◆ Task details
Copy the data that follows exactly as it is, excluding all pictures.

--- Data Enclosed Below ---

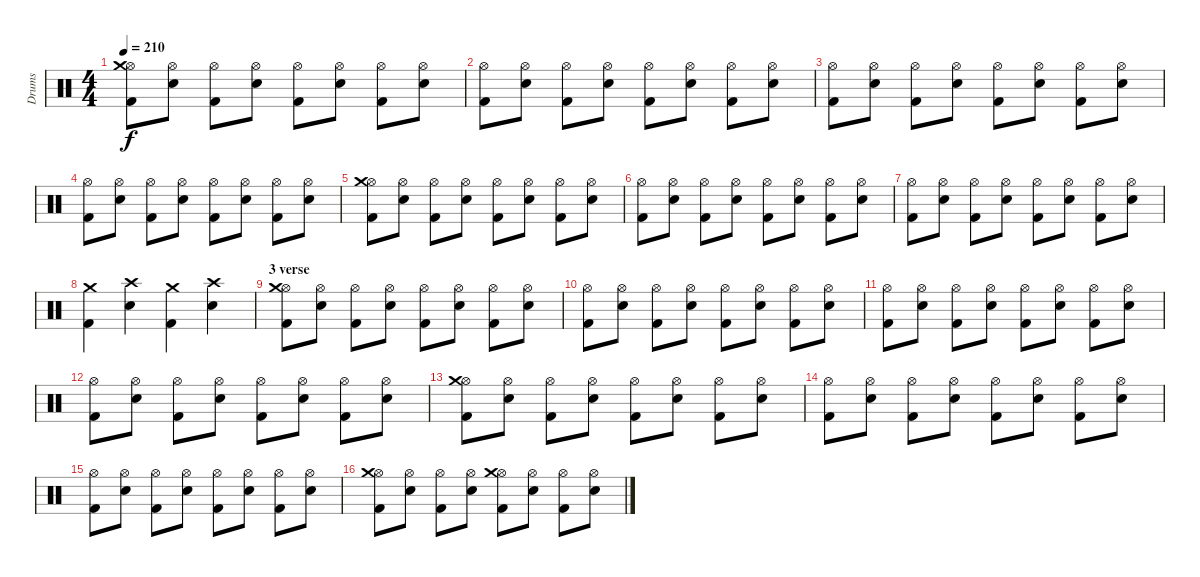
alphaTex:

\track ("Drums" "Drums") {instrument percussion}
\staff {score}
\articulation defaults
\ts (4 4)
\tempo 210
\clef neutral
\ks c
("Hi-Hat (open)" "Crash medium (hit)" "Kick (hit) 2").8{dy f} ("Hi-Hat (open)" "Electric Snare (hit)").8 ("Hi-Hat (open)" "Kick (hit) 2").8 ("Hi-Hat (open)" "Electric Snare (hit)").8 ("Hi-Hat (open)" "Kick (hit) 2").8 ("Hi-Hat (open)" "Electric Snare (hit)").8 ("Hi-Hat (open)" "Kick (hit) 2").8 ("Hi-Hat (open)" "Electric Snare (hit)").8 |
("Hi-Hat (open)" "Kick (hit) 2").8 ("Hi-Hat (open)" "Electric Snare (hit)").8 ("Hi-Hat (open)" "Kick (hit) 2").8 ("Hi-Hat (open)" "Electric Snare (hit)").8 ("Hi-Hat (open)" "Kick (hit) 2").8 ("Hi-Hat (open)" "Electric Snare (hit)").8 ("Hi-Hat (open)" "Kick (hit) 2").8 ("Hi-Hat (open)" "Electric Snare (hit)").8 |
("Hi-Hat (open)" "Kick (hit) 2").8 ("Hi-Hat (open)" "Electric Snare (hit)").8 ("Hi-Hat (open)" "Kick (hit) 2").8 ("Hi-Hat (open)" "Electric Snare (hit)").8 ("Hi-Hat (open)" "Kick (hit) 2").8 ("Hi-Hat (open)" "Electric Snare (hit)").8 ("Hi-Hat (open)" "Kick (hit) 2").8 ("Hi-Hat (open)" "Electric Snare (hit)").8 |
("Hi-Hat (open)" "Kick (hit) 2").8 ("Hi-Hat (open)" "Electric Snare (hit)").8 ("Hi-Hat (open)" "Kick (hit) 2").8 ("Hi-Hat (open)" "Electric Snare (hit)").8 ("Hi-Hat (open)" "Kick (hit) 2").8 ("Hi-Hat (open)" "Electric Snare (hit)").8 ("Hi-Hat (open)" "Kick (hit) 2").8 ("Hi-Hat (open)" "Electric Snare (hit)").8 |
("Hi-Hat (open)" "Crash medium (hit)" "Kick (hit) 2").8 ("Hi-Hat (open)" "Electric Snare (hit)").8 ("Hi-Hat (open)" "Kick (hit) 2").8 ("Hi-Hat (open)" "Electric Snare (hit)").8 ("Hi-Hat (open)" "Kick (hit) 2").8 ("Hi-Hat (open)" "Electric Snare (hit)").8 ("Hi-Hat (open)" "Kick (hit) 2").8 ("Hi-Hat (open)" "Electric Snare (hit)").8 |
("Hi-Hat (open)" "Kick (hit) 2").8 ("Hi-Hat (open)" "Electric Snare (hit)").8 ("Hi-Hat (open)" "Kick (hit) 2").8 ("Hi-Hat (open)" "Electric Snare (hit)").8 ("Hi-Hat (open)" "Kick (hit) 2").8 ("Hi-Hat (open)" "Electric Snare (hit)").8 ("Hi-Hat (open)" "Kick (hit) 2").8 ("Hi-Hat (open)" "Electric Snare (hit)").8 |
("Hi-Hat (open)" "Kick (hit) 2").8 ("Hi-Hat (open)" "Electric Snare (hit)").8 ("Hi-Hat (open)" "Kick (hit) 2").8 ("Hi-Hat (open)" "Electric Snare (hit)").8 ("Hi-Hat (open)" "Kick (hit) 2").8 ("Hi-Hat (open)" "Electric Snare (hit)").8 ("Hi-Hat (open)" "Kick (hit) 2").8 ("Hi-Hat (open)" "Electric Snare (hit)").8 |
("Crash medium (hit)" "Kick (hit) 2").4 ("Crash high (hit)" "Electric Snare (hit)").4 ("Crash medium (hit)" "Kick (hit) 2").4 ("Crash high (hit)" "Electric Snare (hit)").4 |
\section ("" "3 verse")
("Hi-Hat (open)" "Crash medium (hit)" "Kick (hit) 2").8 ("Hi-Hat (open)" "Electric Snare (hit)").8 ("Hi-Hat (open)" "Kick (hit) 2").8 ("Hi-Hat (open)" "Electric Snare (hit)").8 ("Hi-Hat (open)" "Kick (hit) 2").8 ("Hi-Hat (open)" "Electric Snare (hit)").8 ("Hi-Hat (open)" "Kick (hit) 2").8 ("Hi-Hat (open)" "Electric Snare (hit)").8 |
("Hi-Hat (open)" "Kick (hit) 2").8 ("Hi-Hat (open)" "Electric Snare (hit)").8 ("Hi-Hat (open)" "Kick (hit) 2").8 ("Hi-Hat (open)" "Electric Snare (hit)").8 ("Hi-Hat (open)" "Kick (hit) 2").8 ("Hi-Hat (open)" "Electric Snare (hit)").8 ("Hi-Hat (open)" "Kick (hit) 2").8 ("Hi-Hat (open)" "Electric Snare (hit)").8 |
("Hi-Hat (open)" "Kick (hit) 2").8 ("Hi-Hat (open)" "Electric Snare (hit)").8 ("Hi-Hat (open)" "Kick (hit) 2").8 ("Hi-Hat (open)" "Electric Snare (hit)").8 ("Hi-Hat (open)" "Kick (hit) 2").8 ("Hi-Hat (open)" "Electric Snare (hit)").8 ("Hi-Hat (open)" "Kick (hit) 2").8 ("Hi-Hat (open)" "Electric Snare (hit)").8 |
("Hi-Hat (open)" "Kick (hit) 2").8 ("Hi-Hat (open)" "Electric Snare (hit)").8 ("Hi-Hat (open)" "Kick (hit) 2").8 ("Hi-Hat (open)" "Electric Snare (hit)").8 ("Hi-Hat (open)" "Kick (hit) 2").8 ("Hi-Hat (open)" "Electric Snare (hit)").8 ("Hi-Hat (open)" "Kick (hit) 2").8 ("Hi-Hat (open)" "Electric Snare (hit)").8 |
("Hi-Hat (open)" "Crash medium (hit)" "Kick (hit) 2").8 ("Hi-Hat (open)" "Electric Snare (hit)").8 ("Hi-Hat (open)" "Kick (hit) 2").8 ("Hi-Hat (open)" "Electric Snare (hit)").8 ("Hi-Hat (open)" "Kick (hit) 2").8 ("Hi-Hat (open)" "Electric Snare (hit)").8 ("Hi-Hat (open)" "Kick (hit) 2").8 ("Hi-Hat (open)" "Electric Snare (hit)").8 |
("Hi-Hat (open)" "Kick (hit) 2").8 ("Hi-Hat (open)" "Electric Snare (hit)").8 ("Hi-Hat (open)" "Kick (hit) 2").8 ("Hi-Hat (open)" "Electric Snare (hit)").8 ("Hi-Hat (open)" "Kick (hit) 2").8 ("Hi-Hat (open)" "Electric Snare (hit)").8 ("Hi-Hat (open)" "Kick (hit) 2").8 ("Hi-Hat (open)" "Electric Snare (hit)").8 |
("Hi-Hat (open)" "Kick (hit) 2").8 ("Hi-Hat (open)" "Electric Snare (hit)").8 ("Hi-Hat (open)" "Kick (hit) 2").8 ("Hi-Hat (open)" "Electric Snare (hit)").8 ("Hi-Hat (open)" "Kick (hit) 2").8 ("Hi-Hat (open)" "Electric Snare (hit)").8 ("Hi-Hat (open)" "Kick (hit) 2").8 ("Hi-Hat (open)" "Electric Snare (hit)").8 |
("Hi-Hat (open)" "Crash medium (hit)" "Kick (hit) 2").8 ("Hi-Hat (open)" "Electric Snare (hit)").8 ("Hi-Hat (open)" "Kick (hit) 2").8 ("Hi-Hat (open)" "Electric Snare (hit)").8 ("Hi-Hat (open)" "Crash medium (hit)" "Kick (hit) 2").8 ("Hi-Hat (open)" "Electric Snare (hit)").8 ("Hi-Hat (open)" "Kick (hit) 2").8 ("Hi-Hat (open)" "Electric Snare (hit)").8

--- End of Enclosed Data ---

◆ Written reply
alphaTex:

\track ("Drums" "Drums") {instrument percussion}
\staff {score}
\articulation defaults
\ts (4 4)
\tempo 210
\clef neutral
\ks c
("Hi-Hat (open)" "Crash medium (hit)" "Kick (hit) 2").8{dy f} ("Hi-Hat (open)" "Electric Snare (hit)").8 ("Hi-Hat (open)" "Kick (hit) 2").8 ("Hi-Hat (open)" "Electric Snare (hit)").8 ("Hi-Hat (open)" "Kick (hit) 2").8 ("Hi-Hat (open)" "Electric Snare (hit)").8 ("Hi-Hat (open)" "Kick (hit) 2").8 ("Hi-Hat (open)" "Electric Snare (hit)").8 |
("Hi-Hat (open)" "Kick (hit) 2").8 ("Hi-Hat (open)" "Electric Snare (hit)").8 ("Hi-Hat (open)" "Kick (hit) 2").8 ("Hi-Hat (open)" "Electric Snare (hit)").8 ("Hi-Hat (open)" "Kick (hit) 2").8 ("Hi-Hat (open)" "Electric Snare (hit)").8 ("Hi-Hat (open)" "Kick (hit) 2").8 ("Hi-Hat (open)" "Electric Snare (hit)").8 |
("Hi-Hat (open)" "Kick (hit) 2").8 ("Hi-Hat (open)" "Electric Snare (hit)").8 ("Hi-Hat (open)" "Kick (hit) 2").8 ("Hi-Hat (open)" "Electric Snare (hit)").8 ("Hi-Hat (open)" "Kick (hit) 2").8 ("Hi-Hat (open)" "Electric Snare (hit)").8 ("Hi-Hat (open)" "Kick (hit) 2").8 ("Hi-Hat (open)" "Electric Snare (hit)").8 |
("Hi-Hat (open)" "Kick (hit) 2").8 ("Hi-Hat (open)" "Electric Snare (hit)").8 ("Hi-Hat (open)" "Kick (hit) 2").8 ("Hi-Hat (open)" "Electric Snare (hit)").8 ("Hi-Hat (open)" "Kick (hit) 2").8 ("Hi-Hat (open)" "Electric Snare (hit)").8 ("Hi-Hat (open)" "Kick (hit) 2").8 ("Hi-Hat (open)" "Electric Snare (hit)").8 |
("Hi-Hat (open)" "Crash medium (hit)" "Kick (hit) 2").8 ("Hi-Hat (open)" "Electric Snare (hit)").8 ("Hi-Hat (open)" "Kick (hit) 2").8 ("Hi-Hat (open)" "Electric Snare (hit)").8 ("Hi-Hat (open)" "Kick (hit) 2").8 ("Hi-Hat (open)" "Electric Snare (hit)").8 ("Hi-Hat (open)" "Kick (hit) 2").8 ("Hi-Hat (open)" "Electric Snare (hit)").8 |
("Hi-Hat (open)" "Kick (hit) 2").8 ("Hi-Hat (open)" "Electric Snare (hit)").8 ("Hi-Hat (open)" "Kick (hit) 2").8 ("Hi-Hat (open)" "Electric Snare (hit)").8 ("Hi-Hat (open)" "Kick (hit) 2").8 ("Hi-Hat (open)" "Electric Snare (hit)").8 ("Hi-Hat (open)" "Kick (hit) 2").8 ("Hi-Hat (open)" "Electric Snare (hit)").8 |
("Hi-Hat (open)" "Kick (hit) 2").8 ("Hi-Hat (open)" "Electric Snare (hit)").8 ("Hi-Hat (open)" "Kick (hit) 2").8 ("Hi-Hat (open)" "Electric Snare (hit)").8 ("Hi-Hat (open)" "Kick (hit) 2").8 ("Hi-Hat (open)" "Electric Snare (hit)").8 ("Hi-Hat (open)" "Kick (hit) 2").8 ("Hi-Hat (open)" "Electric Snare (hit)").8 |
("Crash medium (hit)" "Kick (hit) 2").4 ("Crash high (hit)" "Electric Snare (hit)").4 ("Crash medium (hit)" "Kick (hit) 2").4 ("Crash high (hit)" "Electric Snare (hit)").4 |
\section ("" "3 verse")
("Hi-Hat (open)" "Crash medium (hit)" "Kick (hit) 2").8 ("Hi-Hat (open)" "Electric Snare (hit)").8 ("Hi-Hat (open)" "Kick (hit) 2").8 ("Hi-Hat (open)" "Electric Snare (hit)").8 ("Hi-Hat (open)" "Kick (hit) 2").8 ("Hi-Hat (open)" "Electric Snare (hit)").8 ("Hi-Hat (open)" "Kick (hit) 2").8 ("Hi-Hat (open)" "Electric Snare (hit)").8 |
("Hi-Hat (open)" "Kick (hit) 2").8 ("Hi-Hat (open)" "Electric Snare (hit)").8 ("Hi-Hat (open)" "Kick (hit) 2").8 ("Hi-Hat (open)" "Electric Snare (hit)").8 ("Hi-Hat (open)" "Kick (hit) 2").8 ("Hi-Hat (open)" "Electric Snare (hit)").8 ("Hi-Hat (open)" "Kick (hit) 2").8 ("Hi-Hat (open)" "Electric Snare (hit)").8 |
("Hi-Hat (open)" "Kick (hit) 2").8 ("Hi-Hat (open)" "Electric Snare (hit)").8 ("Hi-Hat (open)" "Kick (hit) 2").8 ("Hi-Hat (open)" "Electric Snare (hit)").8 ("Hi-Hat (open)" "Kick (hit) 2").8 ("Hi-Hat (open)" "Electric Snare (hit)").8 ("Hi-Hat (open)" "Kick (hit) 2").8 ("Hi-Hat (open)" "Electric Snare (hit)").8 |
("Hi-Hat (open)" "Kick (hit) 2").8 ("Hi-Hat (open)" "Electric Snare (hit)").8 ("Hi-Hat (open)" "Kick (hit) 2").8 ("Hi-Hat (open)" "Electric Snare (hit)").8 ("Hi-Hat (open)" "Kick (hit) 2").8 ("Hi-Hat (open)" "Electric Snare (hit)").8 ("Hi-Hat (open)" "Kick (hit) 2").8 ("Hi-Hat (open)" "Electric Snare (hit)").8 |
("Hi-Hat (open)" "Crash medium (hit)" "Kick (hit) 2").8 ("Hi-Hat (open)" "Electric Snare (hit)").8 ("Hi-Hat (open)" "Kick (hit) 2").8 ("Hi-Hat (open)" "Electric Snare (hit)").8 ("Hi-Hat (open)" "Kick (hit) 2").8 ("Hi-Hat (open)" "Electric Snare (hit)").8 ("Hi-Hat (open)" "Kick (hit) 2").8 ("Hi-Hat (open)" "Electric Snare (hit)").8 |
("Hi-Hat (open)" "Kick (hit) 2").8 ("Hi-Hat (open)" "Electric Snare (hit)").8 ("Hi-Hat (open)" "Kick (hit) 2").8 ("Hi-Hat (open)" "Electric Snare (hit)").8 ("Hi-Hat (open)" "Kick (hit) 2").8 ("Hi-Hat (open)" "Electric Snare (hit)").8 ("Hi-Hat (open)" "Kick (hit) 2").8 ("Hi-Hat (open)" "Electric Snare (hit)").8 |
("Hi-Hat (open)" "Kick (hit) 2").8 ("Hi-Hat (open)" "Electric Snare (hit)").8 ("Hi-Hat (open)" "Kick (hit) 2").8 ("Hi-Hat (open)" "Electric Snare (hit)").8 ("Hi-Hat (open)" "Kick (hit) 2").8 ("Hi-Hat (open)" "Electric Snare (hit)").8 ("Hi-Hat (open)" "Kick (hit) 2").8 ("Hi-Hat (open)" "Electric Snare (hit)").8 |
("Hi-Hat (open)" "Crash medium (hit)" "Kick (hit) 2").8 ("Hi-Hat (open)" "Electric Snare (hit)").8 ("Hi-Hat (open)" "Kick (hit) 2").8 ("Hi-Hat (open)" "Electric Snare (hit)").8 ("Hi-Hat (open)" "Crash medium (hit)" "Kick (hit) 2").8 ("Hi-Hat (open)" "Electric Snare (hit)").8 ("Hi-Hat (open)" "Kick (hit) 2").8 ("Hi-Hat (open)" "Electric Snare (hit)").8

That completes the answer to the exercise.